Senior Analyst, Global Research & Design

EXECUTIVE SUMMARY

  • While comparing active funds against their respective benchmark indices is a typical practice to evaluate their performance, persistence is an additional test that can reveal fund managers’ skills in different market environments.
  • In this report, we measure the performance persistence of active funds that outperformed their peers and benchmarks over consecutive three- and five-year periods, and we analyze their transition matrices over subsequent periods.
  • Overall results suggested only a minority of Australian high-performing funds persisted in outperforming their respective benchmarks or consistently stayed in their respective top quartiles for three or five consecutive years.

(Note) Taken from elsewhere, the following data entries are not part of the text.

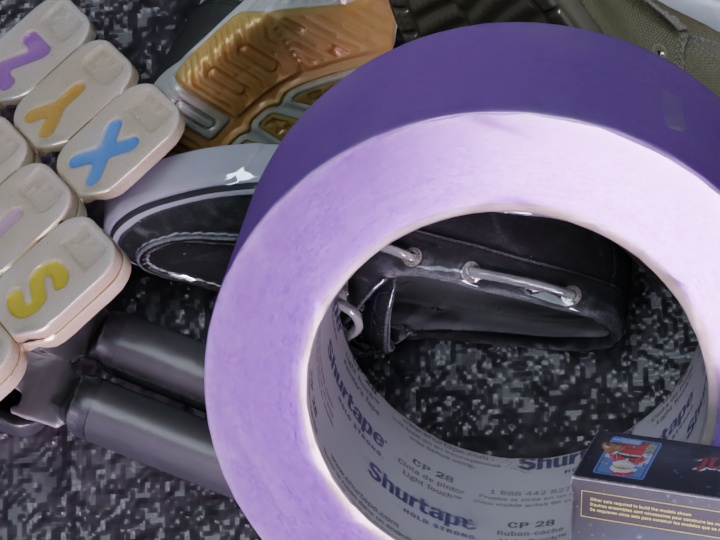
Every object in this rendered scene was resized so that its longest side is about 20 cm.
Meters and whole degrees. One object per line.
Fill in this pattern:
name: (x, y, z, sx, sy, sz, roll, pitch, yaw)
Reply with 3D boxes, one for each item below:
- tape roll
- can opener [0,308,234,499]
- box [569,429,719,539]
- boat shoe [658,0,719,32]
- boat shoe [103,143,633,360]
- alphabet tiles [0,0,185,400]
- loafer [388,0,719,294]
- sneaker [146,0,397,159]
tape roll: (0.052, 0.024, 0.953, 0.200, 0.085, 0.200, 3, 115, 6)
can opener: (-0.087, 0.048, 1.070, 0.200, 0.067, 0.053, 22, 71, 4)
box: (0.164, 0.132, 0.897, 0.200, 0.038, 0.137, 8, 113, 17)
boat shoe: (0.142, -0.090, 1.044, 0.200, 0.072, 0.069, 16, 113, 10)
boat shoe: (0.000, 0.001, 1.045, 0.199, 0.074, 0.068, 5, 63, 4)
alphabet tiles: (-0.162, -0.018, 1.061, 0.196, 0.015, 0.200, -42, 43, -2)
loafer: (0.087, -0.068, 1.002, 0.200, 0.076, 0.068, 47, 48, -13)
sneaker: (-0.022, -0.110, 1.086, 0.200, 0.076, 0.088, -49, 37, 10)
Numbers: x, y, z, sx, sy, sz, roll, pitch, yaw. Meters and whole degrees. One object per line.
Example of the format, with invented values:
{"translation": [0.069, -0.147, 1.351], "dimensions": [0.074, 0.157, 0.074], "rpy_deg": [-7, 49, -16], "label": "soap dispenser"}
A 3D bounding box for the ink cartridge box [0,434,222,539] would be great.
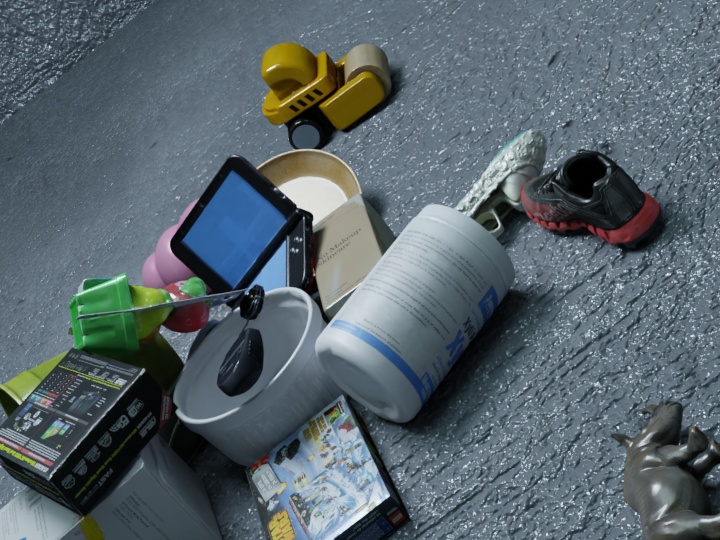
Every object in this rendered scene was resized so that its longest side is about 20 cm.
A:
{"translation": [-0.274, 0.283, 1.444], "dimensions": [0.200, 0.145, 0.147], "rpy_deg": [-40, 27, 0], "label": "ink cartridge box"}

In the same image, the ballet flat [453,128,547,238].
{"translation": [0.155, -0.072, 1.527], "dimensions": [0.200, 0.072, 0.072], "rpy_deg": [-46, 28, 1], "label": "ballet flat"}

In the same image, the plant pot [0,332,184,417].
{"translation": [-0.312, 0.165, 1.638], "dimensions": [0.192, 0.202, 0.200], "rpy_deg": [-38, 25, -23], "label": "plant pot"}

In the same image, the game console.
{"translation": [-0.153, -0.007, 1.647], "dimensions": [0.200, 0.118, 0.174], "rpy_deg": [-49, 31, 40], "label": "game console"}

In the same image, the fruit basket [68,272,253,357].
{"translation": [-0.238, 0.040, 1.546], "dimensions": [0.198, 0.095, 0.185], "rpy_deg": [-16, -2, -17], "label": "fruit basket"}

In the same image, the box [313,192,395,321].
{"translation": [0.000, 0.000, 1.587], "dimensions": [0.095, 0.078, 0.201], "rpy_deg": [-36, 28, 9], "label": "box"}

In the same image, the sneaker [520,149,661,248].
{"translation": [0.228, -0.086, 1.408], "dimensions": [0.071, 0.098, 0.200], "rpy_deg": [-48, 27, -12], "label": "sneaker"}

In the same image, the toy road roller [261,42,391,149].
{"translation": [-0.064, -0.289, 2.015], "dimensions": [0.199, 0.146, 0.123], "rpy_deg": [-31, 29, 16], "label": "toy road roller"}

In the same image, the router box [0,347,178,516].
{"translation": [-0.302, 0.168, 1.422], "dimensions": [0.150, 0.062, 0.199], "rpy_deg": [-49, 28, -22], "label": "router box"}

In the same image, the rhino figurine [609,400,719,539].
{"translation": [0.248, 0.165, 1.058], "dimensions": [0.087, 0.060, 0.201], "rpy_deg": [-43, 23, 17], "label": "rhino figurine"}

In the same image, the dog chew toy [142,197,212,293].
{"translation": [-0.231, -0.021, 1.870], "dimensions": [0.199, 0.124, 0.125], "rpy_deg": [-33, 27, 30], "label": "dog chew toy"}

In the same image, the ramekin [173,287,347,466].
{"translation": [-0.104, 0.128, 1.502], "dimensions": [0.199, 0.105, 0.201], "rpy_deg": [-31, 28, 19], "label": "ramekin"}

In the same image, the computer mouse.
{"translation": [-0.121, 0.076, 1.462], "dimensions": [0.059, 0.034, 0.201], "rpy_deg": [-50, 16, 27], "label": "computer mouse"}

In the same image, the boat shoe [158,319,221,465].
{"translation": [-0.190, 0.155, 1.598], "dimensions": [0.060, 0.072, 0.203], "rpy_deg": [9, 66, 34], "label": "boat shoe"}

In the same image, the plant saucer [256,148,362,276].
{"translation": [-0.084, -0.065, 1.764], "dimensions": [0.198, 0.035, 0.202], "rpy_deg": [-10, 61, 18], "label": "plant saucer"}

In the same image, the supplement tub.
{"translation": [0.057, 0.045, 1.394], "dimensions": [0.200, 0.132, 0.131], "rpy_deg": [-50, 29, -19], "label": "supplement tub"}

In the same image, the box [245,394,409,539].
{"translation": [-0.038, 0.225, 1.348], "dimensions": [0.136, 0.040, 0.200], "rpy_deg": [-37, 28, 4], "label": "box"}
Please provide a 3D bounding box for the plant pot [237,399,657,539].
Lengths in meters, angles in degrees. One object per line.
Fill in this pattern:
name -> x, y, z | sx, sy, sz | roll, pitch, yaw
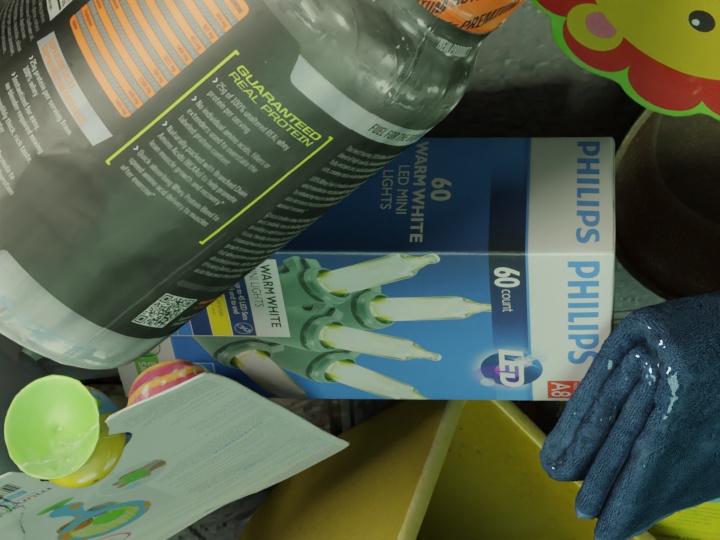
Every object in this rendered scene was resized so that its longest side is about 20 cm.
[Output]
plant pot -> 0.015, 0.196, 0.973 | 0.199, 0.195, 0.195 | -20, 126, 43

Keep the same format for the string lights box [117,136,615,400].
string lights box -> 0.000, 0.000, 0.817 | 0.199, 0.059, 0.103 | 0, 143, 7

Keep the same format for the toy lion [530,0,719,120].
toy lion -> 0.149, -0.111, 0.672 | 0.191, 0.069, 0.200 | 31, 143, -1

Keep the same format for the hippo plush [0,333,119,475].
hippo plush -> -0.219, 0.059, 0.829 | 0.160, 0.201, 0.160 | 0, 138, 33

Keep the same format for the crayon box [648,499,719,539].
crayon box -> 0.189, 0.106, 1.023 | 0.126, 0.051, 0.200 | 11, 139, -24

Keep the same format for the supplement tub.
supplement tub -> -0.048, -0.067, 0.684 | 0.200, 0.123, 0.122 | -37, 135, 23

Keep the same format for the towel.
towel -> 0.176, 0.045, 0.836 | 0.199, 0.049, 0.112 | -10, 141, -30

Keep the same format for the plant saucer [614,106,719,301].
plant saucer -> 0.192, -0.052, 0.830 | 0.199, 0.037, 0.201 | -5, 143, -4

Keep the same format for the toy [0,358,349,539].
toy -> -0.084, 0.065, 0.798 | 0.115, 0.047, 0.200 | -27, 166, 7

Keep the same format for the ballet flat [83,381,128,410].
ballet flat -> -0.160, 0.110, 0.958 | 0.066, 0.057, 0.200 | 23, 133, -36
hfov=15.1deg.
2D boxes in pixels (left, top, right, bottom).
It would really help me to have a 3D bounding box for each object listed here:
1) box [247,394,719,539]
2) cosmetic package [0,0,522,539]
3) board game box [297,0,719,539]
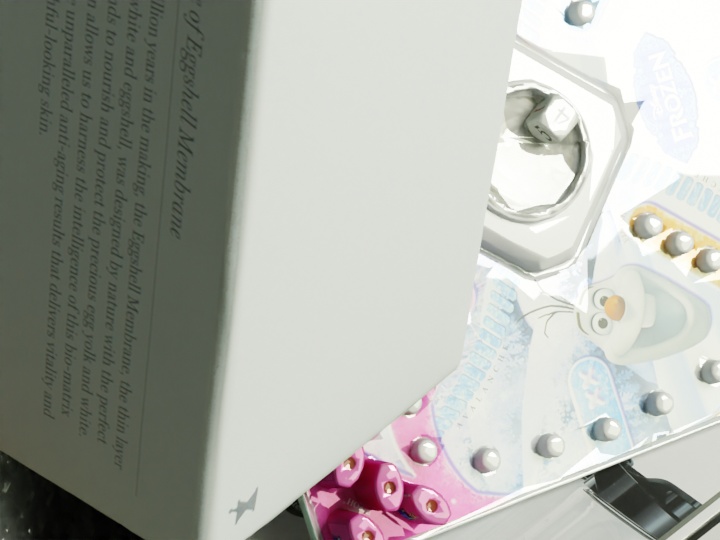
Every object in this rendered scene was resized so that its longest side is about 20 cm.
[{"bbox_3d":[0.027,0.095,0.844,0.200,0.117,0.060,-32,141,-30],"label":"box"},{"bbox_3d":[-0.071,-0.070,0.679,0.123,0.200,0.200,-34,143,-43],"label":"cosmetic package"},{"bbox_3d":[0.050,-0.036,0.820,0.200,0.026,0.200,-19,94,-20],"label":"board game box"}]
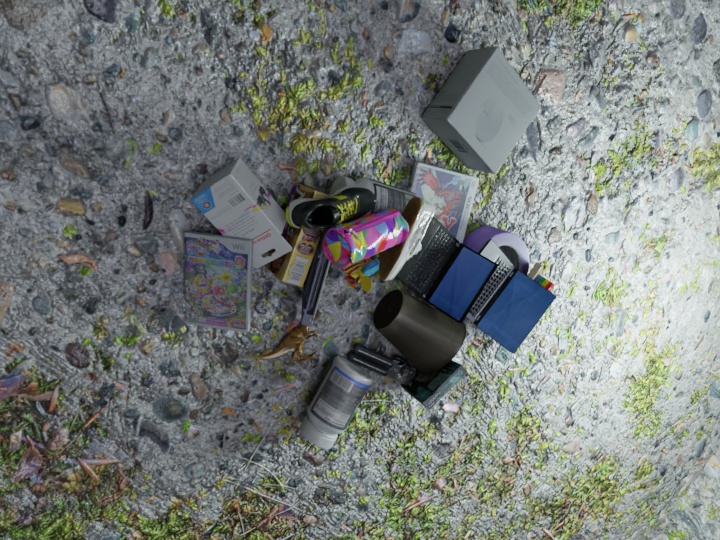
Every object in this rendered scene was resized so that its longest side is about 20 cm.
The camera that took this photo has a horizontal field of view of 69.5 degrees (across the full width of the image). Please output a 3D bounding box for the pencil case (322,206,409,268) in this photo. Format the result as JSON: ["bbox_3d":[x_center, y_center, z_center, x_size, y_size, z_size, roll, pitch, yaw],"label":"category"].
[{"bbox_3d":[0.014,-0.070,1.052,0.198,0.087,0.090,-26,119,-45],"label":"pencil case"}]

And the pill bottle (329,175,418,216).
[{"bbox_3d":[0.031,-0.144,1.185,0.197,0.116,0.118,12,101,-28],"label":"pill bottle"}]

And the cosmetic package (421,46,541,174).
[{"bbox_3d":[0.288,-0.378,1.236,0.198,0.123,0.201,37,89,-30],"label":"cosmetic package"}]

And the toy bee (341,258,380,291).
[{"bbox_3d":[0.000,0.000,1.221,0.109,0.132,0.199,-42,134,20],"label":"toy bee"}]

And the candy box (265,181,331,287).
[{"bbox_3d":[-0.133,-0.080,1.121,0.056,0.116,0.204,15,99,-33],"label":"candy box"}]

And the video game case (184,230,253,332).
[{"bbox_3d":[-0.297,0.026,1.084,0.140,0.018,0.204,7,109,3],"label":"video game case"}]

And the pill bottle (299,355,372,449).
[{"bbox_3d":[-0.063,0.328,1.286,0.113,0.114,0.203,29,92,-30],"label":"pill bottle"}]

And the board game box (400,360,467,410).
[{"bbox_3d":[0.185,0.281,1.348,0.135,0.200,0.028,-43,98,-8],"label":"board game box"}]

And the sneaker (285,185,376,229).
[{"bbox_3d":[-0.047,-0.116,1.039,0.197,0.084,0.076,-18,115,-24],"label":"sneaker"}]

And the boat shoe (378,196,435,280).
[{"bbox_3d":[0.107,-0.060,1.153,0.068,0.071,0.202,15,113,-32],"label":"boat shoe"}]

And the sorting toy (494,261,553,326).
[{"bbox_3d":[0.461,0.102,1.443,0.201,0.069,0.199,-54,157,-2],"label":"sorting toy"}]

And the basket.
[{"bbox_3d":[0.140,0.147,1.321,0.199,0.137,0.180,36,115,-26],"label":"basket"}]

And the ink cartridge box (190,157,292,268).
[{"bbox_3d":[-0.231,-0.112,1.062,0.114,0.069,0.201,-23,122,25],"label":"ink cartridge box"}]

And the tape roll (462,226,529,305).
[{"bbox_3d":[0.354,-0.012,1.406,0.196,0.085,0.205,-8,108,-24],"label":"tape roll"}]

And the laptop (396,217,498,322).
[{"bbox_3d":[0.207,-0.006,1.274,0.199,0.103,0.179,39,82,-29],"label":"laptop"}]

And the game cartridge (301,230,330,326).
[{"bbox_3d":[-0.097,0.003,1.141,0.038,0.130,0.203,11,114,-15],"label":"game cartridge"}]

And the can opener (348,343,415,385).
[{"bbox_3d":[0.058,0.240,1.362,0.197,0.067,0.054,27,105,-19],"label":"can opener"}]

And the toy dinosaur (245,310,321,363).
[{"bbox_3d":[-0.165,0.176,1.232,0.199,0.060,0.107,-41,95,-16],"label":"toy dinosaur"}]

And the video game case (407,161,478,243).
[{"bbox_3d":[0.200,-0.163,1.317,0.196,0.023,0.186,7,102,-28],"label":"video game case"}]

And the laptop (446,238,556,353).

  • Over the consecutive three-year period, 13.6% of funds consistently maintained top-quartile rankings and 29.4% of funds beat their benchmark consistently.
  • Over the consecutive five-year period, only 3.0% of funds consistently maintained top-quartile rankings and 4.4% of funds beat their benchmark consistently.
  • Top-quartile and outperforming Australian funds did not show strong persistence over two non-overlapping three- and five-year periods, though they tended to have lower liquidation rates.
  • Only 32% of funds maintained top-quartile rankings over two successive three-year periods and fewer (28%) did so for two successive five-year periods.